All three require an app_spec argument.
| Tool | Description |
|---|---|
cosalette_inspect_app |
Full registry snapshot — devices, telemetry, commands, adapters, metadata |
cosalette_inspect_device |
Details for a named device |
cosalette_inspect_adapters |
All adapter registrations and port mappings |
app_spec format: "module.path:attribute" — for example "myapp.main:app"
or "myapp:app". The module path is relative to the working directory where the
IDE started (normally the repository root).
Hardware dependencies that are unavailable in the development environment are caught at import time — the introspection tools return a partial snapshot with an error note rather than crashing. Use the dry-run adapter pattern to stub hardware in development (see Hardware Adapters).
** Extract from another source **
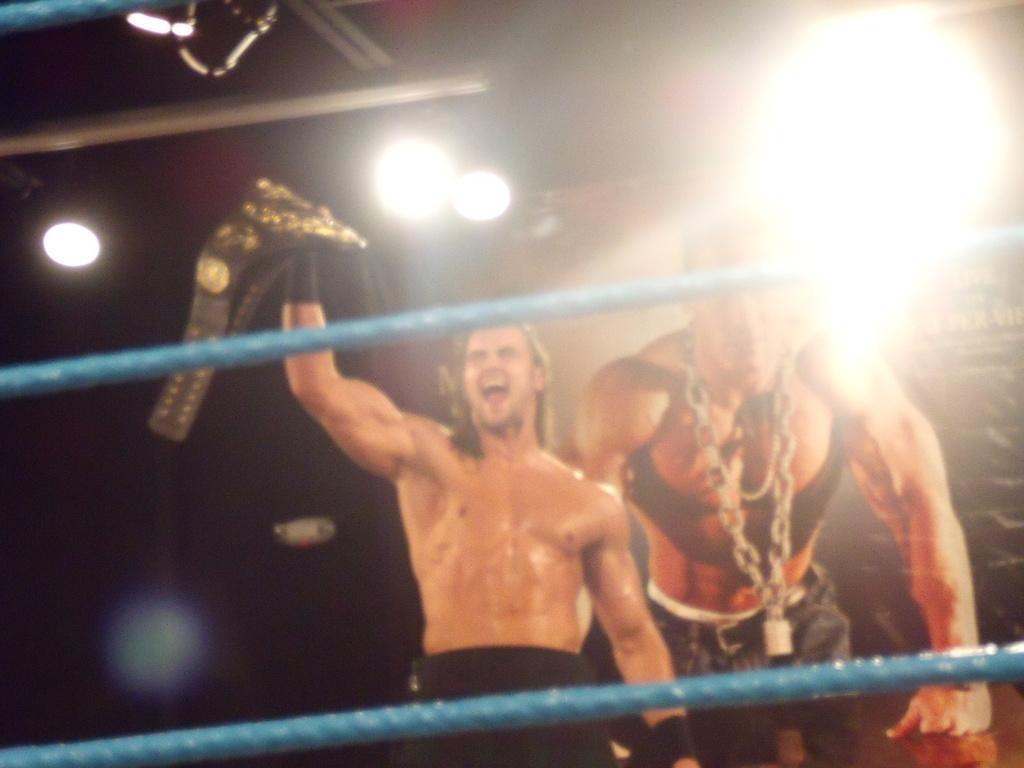Describe this image in one or two sentences. In this image there is a person standing in the wrestling ring and holding a belt in his hand. In the background there is a poster of a person. At the top of the image there is a ceiling with lights.

F3 — Configuration Schema¶
Runtime tools that import a Settings class to expose its schema and environment
variable inventory. Both accept an optional settings_spec argument in the same
"module.path:attribute" format. When omitted, they use the base Settings
class.
| Tool | Description |
|---|---|
cosalette_config_schema |
Full JSON Schema for the Settings class |
cosalette_config_env_vars |
Environment variable names, types, and defaults |
Secret-looking fields (names containing password, token, secret, or key)
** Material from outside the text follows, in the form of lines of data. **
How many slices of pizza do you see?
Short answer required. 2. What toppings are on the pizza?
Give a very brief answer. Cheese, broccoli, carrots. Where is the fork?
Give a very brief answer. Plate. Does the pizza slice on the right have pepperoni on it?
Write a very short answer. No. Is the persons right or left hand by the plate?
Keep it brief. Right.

have their default values redacted in the env-var listing.
F4 — Code Scaffolding¶
Code generation tools that produce idiomatic, ready-to-run Python source. When
app_spec is provided, scaffolding checks for name collisions against existing
registrations and can suggest registered adapter ports.
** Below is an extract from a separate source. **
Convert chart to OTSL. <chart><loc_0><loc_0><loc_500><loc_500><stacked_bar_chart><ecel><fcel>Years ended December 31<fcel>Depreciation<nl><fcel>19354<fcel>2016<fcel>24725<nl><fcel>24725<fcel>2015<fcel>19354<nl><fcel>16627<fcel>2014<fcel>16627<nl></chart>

| Tool | Key parameters | Output |
|---|---|---|
cosalette_scaffold_device |
device_name, adapter_port (optional), adapter_module (optional), app_spec (optional) |
Telemetry device handler with optional adapter injection |
cosalette_scaffold_adapter |
port_name, device_description, return_type, default_value |
Port Protocol + concrete adapter + dry-run/fake adapter |
cosalette_scaffold_test |
device_name, func_name, adapter_port (optional), app_spec (optional) |
Unit tests + AppHarness integration tests |
Copy the generated source into your project and adjust imports as needed. The output follows the same patterns described in the Telemetry Device and Hardware Adapters guides.
F5 — ADR Context¶
Read-only tools that query the packaged ADR index. No app context required. The index is bundled in the installed wheel and covers all architectural decisions made for cosalette.
| Tool | Description |
|---|---|
cosalette_list_adrs |
Index of all ADRs with status and one-line summary |
cosalette_get_adr |
Full content of a specific ADR by ID (e.g. ADR-035) |
cosalette_search_adrs |
Keyword search across ADR titles, tags, summaries, and content |
Refresh After Upgrades¶
After upgrading cosalette, re-run cosalette ai init --force to refresh both
the instruction file and .vscode/mcp.json:
The server binary path rarely changes between versions, but --force keeps
.vscode/mcp.json consistent.
Troubleshooting¶
cosalette ai mcp serve reports MCP not installed
The [mcp] extra is missing. Run uv add 'cosalette[mcp]'.
Introspection tools cannot import app_spec
Verify that the dotted module path is correct relative to the repository root
(e.g. "myapp.main:app", not "./myapp/main.py:app"). The server runs in the
directory where the IDE process started, which is normally the repository root.
Hardware imports fail during introspection
See the note under F2 — App Introspection. Stub hardware using the dry-run adapter pattern (Hardware Adapters guide).